Prep your space. Be sure that the entire surface is as smooth as possible. You will likely need to use floor leveling compound (available at your do it yourself hardware store) to float (create gradual transitions in the floor’s surface) out any divots, holes, or differences in subflooring heights. If you don’t “float” out these differences your cement tiles will crack. Your surface is now prepared for tiling.

Find your center point. You have already determined the size of your room, which is 84 square feet. Finding the center point is critical for laying the wood tiles. It will determine where you will lay your first kitchen tiles and the next ones. Measure one wall, for example the 12 foot (3.7 m) wall. At 6 feet (1.8 m), half the distance, mark a point with a pencil. Do the same on the other 12 foot (3.7 m) wall. Using your chalk line, anchor one end at the midpoint of one wall and stretch across to the midpoint of the other. “Snap” the chalk line by lifting it up slightly and letting it hit the ground; this will leave a straight line on the floor. Measure the 7 foot (2.1 m) walls and mark a point a 3 ½ feet on both sides.

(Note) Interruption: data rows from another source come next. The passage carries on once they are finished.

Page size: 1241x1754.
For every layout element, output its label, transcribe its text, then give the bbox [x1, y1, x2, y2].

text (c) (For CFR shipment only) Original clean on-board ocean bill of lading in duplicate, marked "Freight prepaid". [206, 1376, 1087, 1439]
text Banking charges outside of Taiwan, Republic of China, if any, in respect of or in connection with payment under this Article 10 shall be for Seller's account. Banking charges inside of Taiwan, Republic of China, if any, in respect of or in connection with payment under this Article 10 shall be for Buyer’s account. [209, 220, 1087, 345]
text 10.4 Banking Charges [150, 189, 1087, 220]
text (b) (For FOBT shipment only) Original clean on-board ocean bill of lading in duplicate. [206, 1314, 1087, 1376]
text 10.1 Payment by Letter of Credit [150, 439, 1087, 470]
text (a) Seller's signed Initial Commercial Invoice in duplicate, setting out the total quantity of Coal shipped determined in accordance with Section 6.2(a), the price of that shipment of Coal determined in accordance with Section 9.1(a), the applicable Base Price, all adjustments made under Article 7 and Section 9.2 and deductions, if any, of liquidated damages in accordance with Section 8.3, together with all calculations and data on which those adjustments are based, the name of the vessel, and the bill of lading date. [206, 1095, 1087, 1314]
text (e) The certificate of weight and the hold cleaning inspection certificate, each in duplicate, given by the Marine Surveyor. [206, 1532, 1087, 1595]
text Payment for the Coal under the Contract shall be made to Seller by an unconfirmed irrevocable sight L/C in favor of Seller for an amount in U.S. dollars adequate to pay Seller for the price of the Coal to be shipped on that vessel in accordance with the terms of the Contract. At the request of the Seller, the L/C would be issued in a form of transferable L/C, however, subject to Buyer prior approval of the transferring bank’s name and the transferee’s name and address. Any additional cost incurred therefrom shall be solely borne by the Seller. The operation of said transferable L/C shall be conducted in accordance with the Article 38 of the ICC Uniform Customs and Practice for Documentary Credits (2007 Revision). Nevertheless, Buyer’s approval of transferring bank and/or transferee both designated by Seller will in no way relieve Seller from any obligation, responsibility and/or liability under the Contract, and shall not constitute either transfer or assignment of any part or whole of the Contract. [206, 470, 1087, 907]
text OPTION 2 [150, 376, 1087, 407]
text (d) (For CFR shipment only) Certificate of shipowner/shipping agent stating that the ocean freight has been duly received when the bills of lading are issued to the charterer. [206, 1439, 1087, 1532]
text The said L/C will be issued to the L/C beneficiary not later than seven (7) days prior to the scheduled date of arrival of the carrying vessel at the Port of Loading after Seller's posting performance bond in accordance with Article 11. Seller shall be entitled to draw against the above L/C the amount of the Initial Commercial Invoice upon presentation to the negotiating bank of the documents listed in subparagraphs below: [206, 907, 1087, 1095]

Rehearse laying out ceramic tiles.When you have found your center point, you will notice you will have a “quadrant” design on the floor, or 4 equally sized areas. Starting at the center, “rehearse” your tile pattern by simply laying them on the floor without any adhesive or glue. Place the first tile at the corner nearest the center point. You are only going to work in one quadrant at a time. Begin placing tiles design in a straight line towards either wall, leaving a small space in between the tiles.

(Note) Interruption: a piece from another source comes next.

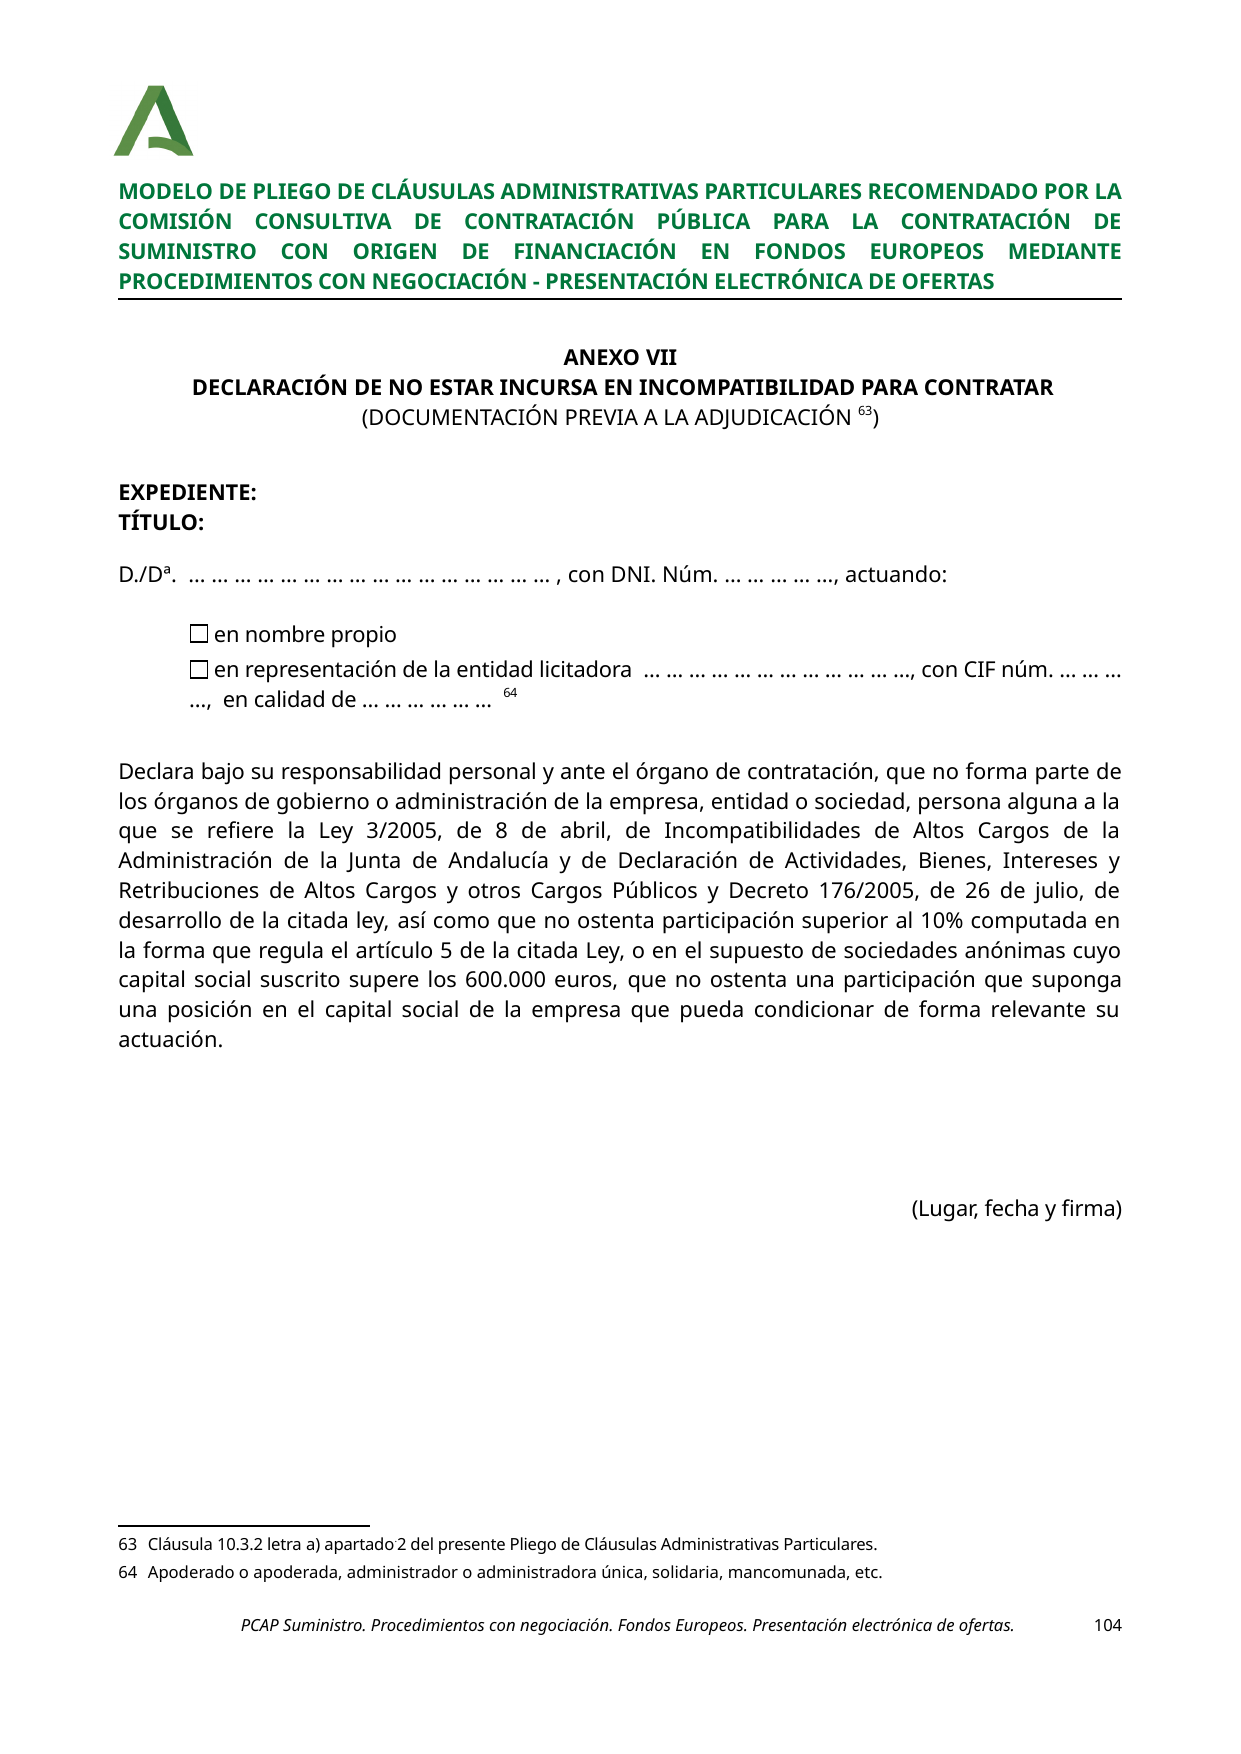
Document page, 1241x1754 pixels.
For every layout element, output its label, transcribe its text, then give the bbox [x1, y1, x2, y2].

What Should We Do Before Laying Ceramic or Porcelain Tiles Floor?

Laying a ceramic or porcelain tile floor can be considered a daunting task, but with adequate planning and preparation, this perception can be overcome. Laying one’s own polished tile is also much less expensive (and possibly more rewarding) than having it professionally installed. Cost can be minimized by careful planning and preparation.

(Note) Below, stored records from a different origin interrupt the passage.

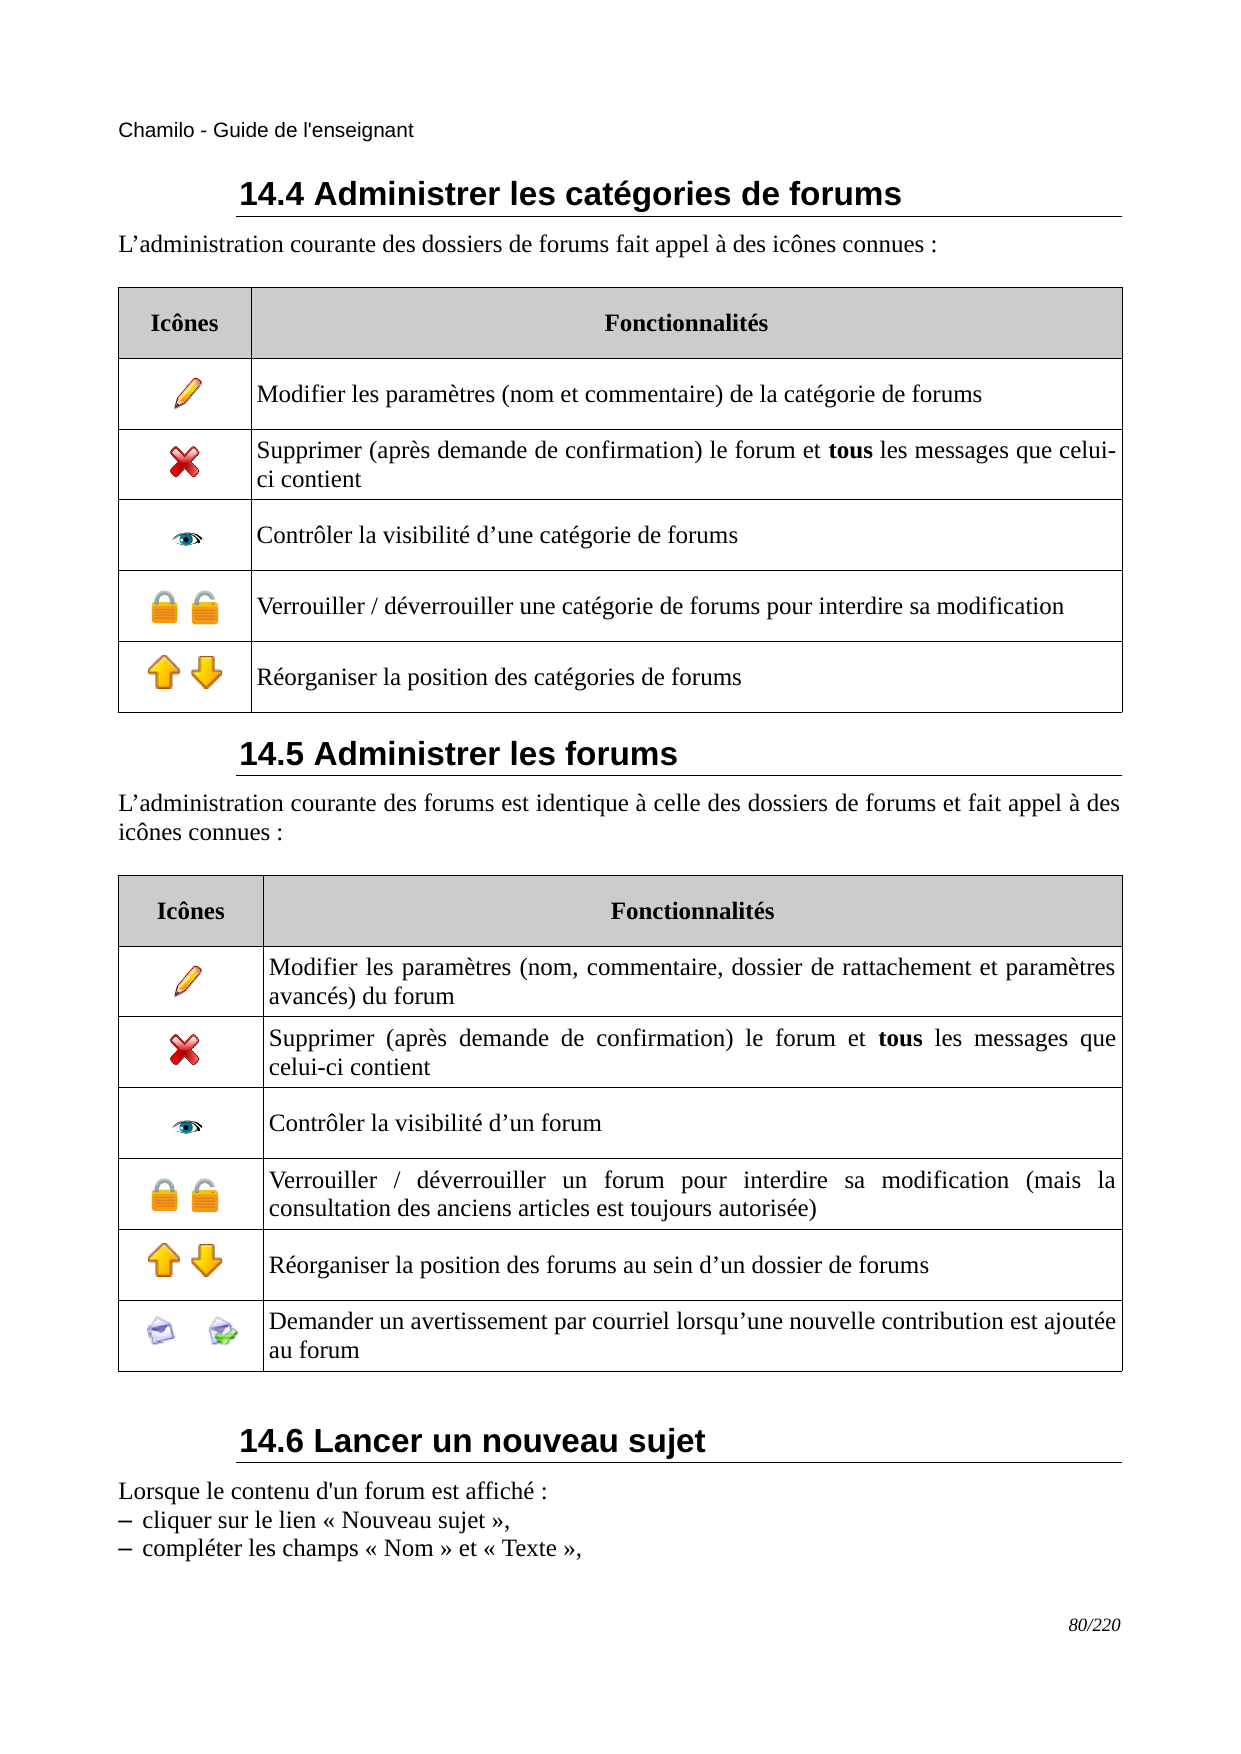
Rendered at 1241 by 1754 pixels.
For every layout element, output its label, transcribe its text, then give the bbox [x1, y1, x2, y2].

table_cell [119, 1301, 263, 1371]
table_cell Contrôler la visibilité d’un forum [264, 1088, 1122, 1158]
table_cell [119, 571, 251, 641]
list cliquer sur le lien « Nouveau sujet », [118, 1505, 1122, 1533]
table_cell [119, 1159, 263, 1229]
table_cell [119, 1088, 263, 1158]
table_cell [119, 500, 251, 570]
picture [171, 524, 204, 553]
table_cell [119, 947, 263, 1016]
subtitle Administrer les catégories de forums [236, 172, 1122, 216]
table_cell Verrouiller / déverrouiller un forum pour interdire sa modification (mais la consultation des anciens articles est toujours autorisée) [264, 1159, 1122, 1229]
picture [140, 1311, 242, 1353]
table_cell Demander un avertissement par courriel lorsqu’une nouvelle contribution est ajoutée au forum [264, 1301, 1122, 1371]
table_cell Contrôler la visibilité d’une catégorie de forums [252, 500, 1122, 570]
table_cell [119, 430, 251, 499]
table_cell [119, 359, 251, 428]
table_cell [119, 642, 251, 712]
table_cell [119, 1017, 263, 1087]
table_header Icônes [119, 288, 251, 358]
picture [171, 1112, 204, 1141]
subtitle Administrer les forums [236, 731, 1122, 775]
table_header Fonctionnalités [264, 876, 1122, 946]
table_header Fonctionnalités [252, 288, 1122, 358]
table_cell Supprimer (après demande de confirmation) le forum et tous les messages que celui-ci contient [252, 430, 1122, 499]
table_cell Supprimer (après demande de confirmation) le forum et tous les messages que celui-ci contient [264, 1017, 1122, 1087]
list compléter les champs « Nom » et « Texte », [118, 1533, 1122, 1562]
table_cell Modifier les paramètres (nom, commentaire, dossier de rattachement et paramètres avancés) du forum [264, 947, 1122, 1016]
table_cell Réorganiser la position des catégories de forums [252, 642, 1122, 712]
text Lorsque le contenu d'un forum est affiché : [118, 1476, 1122, 1505]
table_cell Réorganiser la position des forums au sein d’un dossier de forums [264, 1230, 1122, 1300]
subtitle Lancer un nouveau sujet [236, 1418, 1122, 1462]
table_cell Verrouiller / déverrouiller une catégorie de forums pour interdire sa modification [252, 571, 1122, 641]
text L’administration courante des dossiers de forums fait appel à des icônes connues : [118, 229, 1122, 258]
picture [148, 655, 182, 689]
picture [191, 656, 224, 689]
picture [191, 1244, 224, 1277]
table_cell Modifier les paramètres (nom et commentaire) de la catégorie de forums [252, 359, 1122, 428]
picture [148, 1243, 182, 1277]
table_cell [119, 1244, 263, 1300]
table_cell [119, 1230, 263, 1243]
table_header Icônes [119, 876, 263, 946]
text L’administration courante des forums est identique à celle des dossiers de forums et fait appel à des icônes connues : [118, 788, 1122, 846]

Laying the foundation. An unpleasant question to be faced is “What is your floor made up of?” Plywood is good. But, if you have the typical 1/2″ to 5/8″ particle board on top of a deck made of 2x8s, you have some work to do. After removal of the base trim, the particle board should be pulled up (this is easiest if you first cut it into about 16″ squares)and replaced by plywood. You will need a Skil saw, and if you’re doing the kitchen, you’ll need a “toe-kick saw.” Replace the particle board up to where the wood tile will stop. While you have the particle board off, you can inspect the deck to make sure it is firmly attached to the floor tiles joists. Now you’re ready for leveling compound (if needed).

Lay the backer board. You will need to lay backboard (fiberglass or preferably cement tiles sheets that are usually 3 by 5 feet) as well, or the tiles design will pop off. Evaluate the wall tiles space to be tiled. A first phase of evaluation is to determine the size of the room to be tiled (or re-tiled). The number of kitchen tiles you will need will depend on the size of the tiles you wish to lay, as well as the small tiles pattern you will like on the floor. Using a tape measure or digital laser tape, measure the room from one wall to the opposite wall, and note the distance. Let’s say the measure of this distance is 12 feet (3.7 m). Measure the distance of the opposing walls to each other. Let’s say this distance is 7 feet (2.1 m). Multiplying these 2 distances (12 feet x 7 feet) will yield a total area of 84 square feet.

These measurements are based on squared dimensions. If the room is not perfectly “squared” (or in this case “rectangle”) because of an irregular floor plan (where there might be a small section off of one side, for example), do not factor this space into your measurement. While you will of course need to marble tile this space, factoring this space into your measurements will affect finding the “center” of the room, which will be discussed shortly. This area is important to note, since it will provide you with an estimate of the number of tiles you will need to purchase to cover the area to be tiled.